Research Task 1 (06/22/15 - 07/03/15)

EMG

1. Browse through the internet and look for the low-cost (< $1,000) EMG product information. Your search should include commercially available EMG machines, lab-use EMG boards, and DIY EMG kits. Organize the information into spreadsheet table including columns such as no. of channels, signal amplification, signal delay, frequency range, physical dimension, connection, prices, etc.

EMG Signal

1. ABC of EMG (2005), Peter Konrad. [signal origin and acquisition, 25 pages] A easy introduction of EMG signal and acquisition.
2. Fundamental Concepts in EMG Signal Acquisition, Delsys. [31 pages] This tutorial give us an in-depth introduction about EMG signal acquisition.
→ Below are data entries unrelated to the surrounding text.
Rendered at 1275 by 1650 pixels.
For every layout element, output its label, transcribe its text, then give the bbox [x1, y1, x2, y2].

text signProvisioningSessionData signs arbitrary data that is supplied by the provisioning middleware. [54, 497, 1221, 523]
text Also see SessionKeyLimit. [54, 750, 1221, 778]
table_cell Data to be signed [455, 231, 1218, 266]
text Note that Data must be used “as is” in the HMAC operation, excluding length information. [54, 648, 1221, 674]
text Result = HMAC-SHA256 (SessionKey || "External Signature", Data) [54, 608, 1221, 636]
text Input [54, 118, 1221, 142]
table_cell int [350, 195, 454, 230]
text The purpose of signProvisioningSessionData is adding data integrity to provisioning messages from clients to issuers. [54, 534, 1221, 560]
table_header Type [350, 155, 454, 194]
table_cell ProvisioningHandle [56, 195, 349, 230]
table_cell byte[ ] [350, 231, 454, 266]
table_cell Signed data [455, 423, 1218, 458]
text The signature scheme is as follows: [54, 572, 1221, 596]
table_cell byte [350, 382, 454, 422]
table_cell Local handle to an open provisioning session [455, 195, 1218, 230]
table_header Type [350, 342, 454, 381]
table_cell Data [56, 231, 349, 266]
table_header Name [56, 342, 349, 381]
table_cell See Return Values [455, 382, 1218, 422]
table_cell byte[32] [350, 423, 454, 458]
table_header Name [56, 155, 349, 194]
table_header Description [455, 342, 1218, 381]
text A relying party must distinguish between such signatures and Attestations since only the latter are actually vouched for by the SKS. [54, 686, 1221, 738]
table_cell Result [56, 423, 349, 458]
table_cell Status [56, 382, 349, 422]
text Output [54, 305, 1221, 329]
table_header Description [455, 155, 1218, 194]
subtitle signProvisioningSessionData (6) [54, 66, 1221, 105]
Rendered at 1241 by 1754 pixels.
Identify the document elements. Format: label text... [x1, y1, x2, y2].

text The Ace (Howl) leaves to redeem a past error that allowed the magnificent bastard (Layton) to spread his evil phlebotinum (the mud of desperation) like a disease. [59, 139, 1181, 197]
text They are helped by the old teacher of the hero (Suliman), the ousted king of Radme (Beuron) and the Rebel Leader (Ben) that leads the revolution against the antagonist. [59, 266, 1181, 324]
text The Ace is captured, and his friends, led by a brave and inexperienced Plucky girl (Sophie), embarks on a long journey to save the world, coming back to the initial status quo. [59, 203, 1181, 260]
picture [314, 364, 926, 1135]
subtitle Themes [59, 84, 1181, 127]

It will help you understand the theory behind the scene.
3. Relating Forearm Muscle Electrical Activity To Finger Forces (2014), Jennifer Keating. [section 1-3, 40 pages] This thesis covers the first half of our project by detecting the electrical activity from the forearm. It provides an overview of how our project will be structured, conducted, and what are the areas we need to have further study.

Please take electronic notes while you are studying the materials, watching the videos, or browsing through the web. Each team will present their learning later in the summer meeting.